Flamingos are among some of the most elegant and striking fauna on the planet. Their long necks, slender legs and the rich flourish of their pink colouring make them unique among the animal world. But why are they pink? Happy Ali looks beyond the plumage to find out…
There is nothing quite as striking as the spectacle of a vast flock of flamingos wading the shallow waters of their wetland habitat, a sea of pink on a lake of pale blue stretching to the horizon.
But why are these gorgeous creatures pink? The name flamingo originates from the Spanish and Portuguese languages and means ‘flame-coloured’. The name for the scientific genus of flamingos is pheonicopterus which comes from the Greek and means ‘blood red-feathered.’
But flamingos are coloured through a range of pink hues from a very pale pink so delicate that it almost appears white through to a plush orange-rose.
When born, Flamingo chicks are a dull grey. No clues there then. But as they grow, they ingest a huge amount of beta carotene from their food. So, as it turns out, the flamingos magnificent plumage is a direct result of what they eat.
Flamingos are wading birds – hence those longs legs – that live in shallow water habitats and feed on blue-green algae as well as shrimp, insects, crustaceans and molluscs. They stir up mud with their feet, flushing the food from the bottom and then dip their bills upside-down in the water to filter food.
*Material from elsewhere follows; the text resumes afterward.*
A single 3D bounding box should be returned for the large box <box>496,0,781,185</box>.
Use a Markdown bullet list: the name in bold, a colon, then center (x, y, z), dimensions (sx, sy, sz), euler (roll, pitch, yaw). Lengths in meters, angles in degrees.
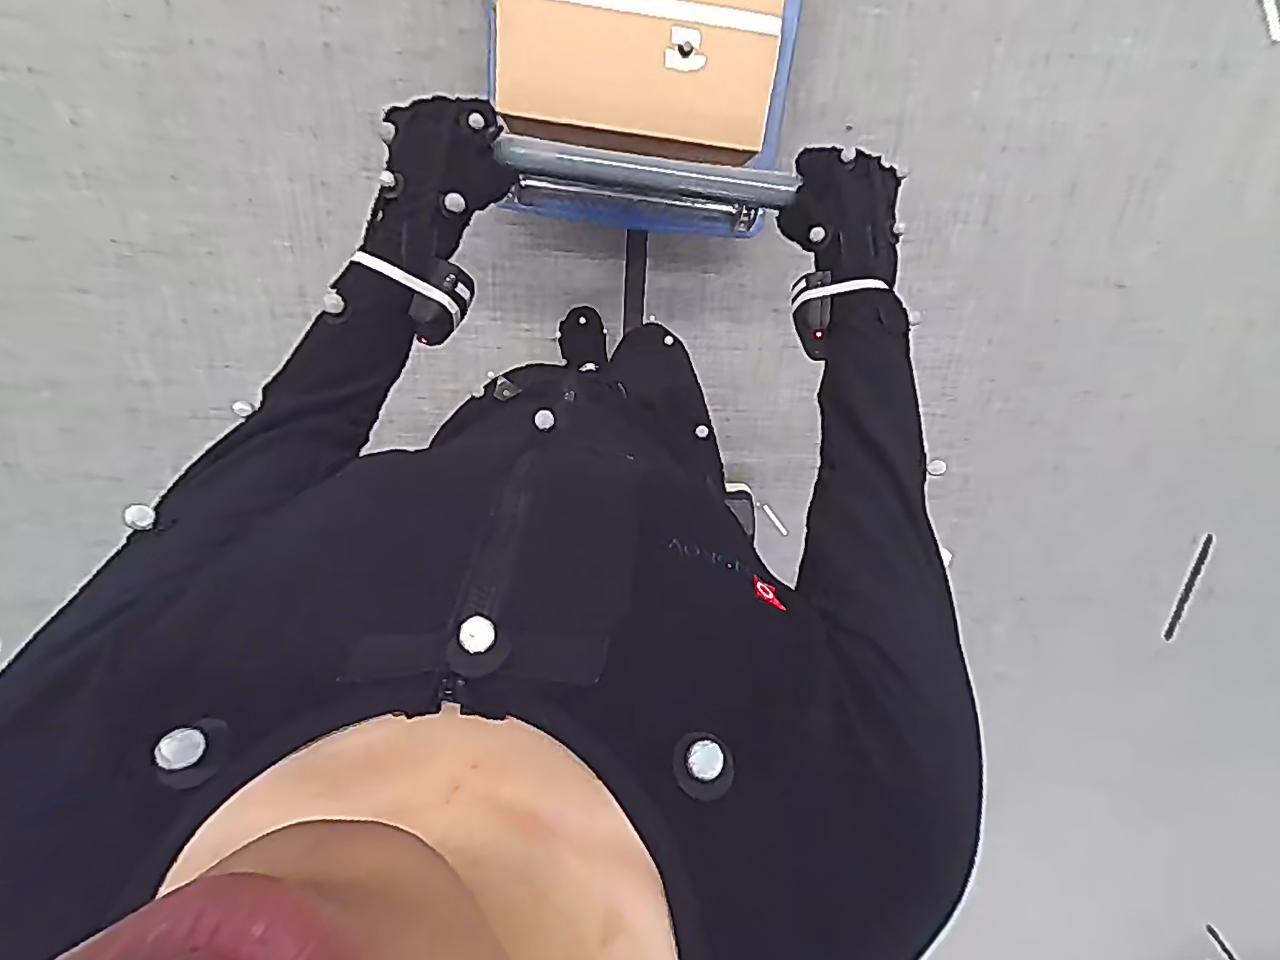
- **large box**: center (-0.012, -0.708, 0.898), dimensions (0.408, 0.320, 0.320), euler (4, 111, -6)

The pigment molecules in their food (carotenoids) add the pink-reddish colour to their feathers as they develop. Flamingos that feed primarily on blue-green algae are darker than those that get the pigment second-hand from crustaceans. In cases when flamingos are not able to consume their favoured carotene-rich food sources, they remain either white or grey.
Flamingos: Fun Facts
- There are six species of flamingo.
- Four live in the Americas and the Caribbean, while two live in Europe, Asia, and Africa.
- When flamingo chicks are about 14 days old, they congregate in groups or crèches, a protective measure that makes them less exposed to predators.
- The chick turns pink within the first 18 months and its beak curves as it grows up. Flamingos live between 20 and 30 years in the wild, but birds have been known to live much longer in captivity.
- One captive flamingo lived to 83.
- They are commonly known to stand on one leg and tuck their bill under a wing.
- Nobody knows exactly why they do this but some scientists believe that it may be a form of heat preservation.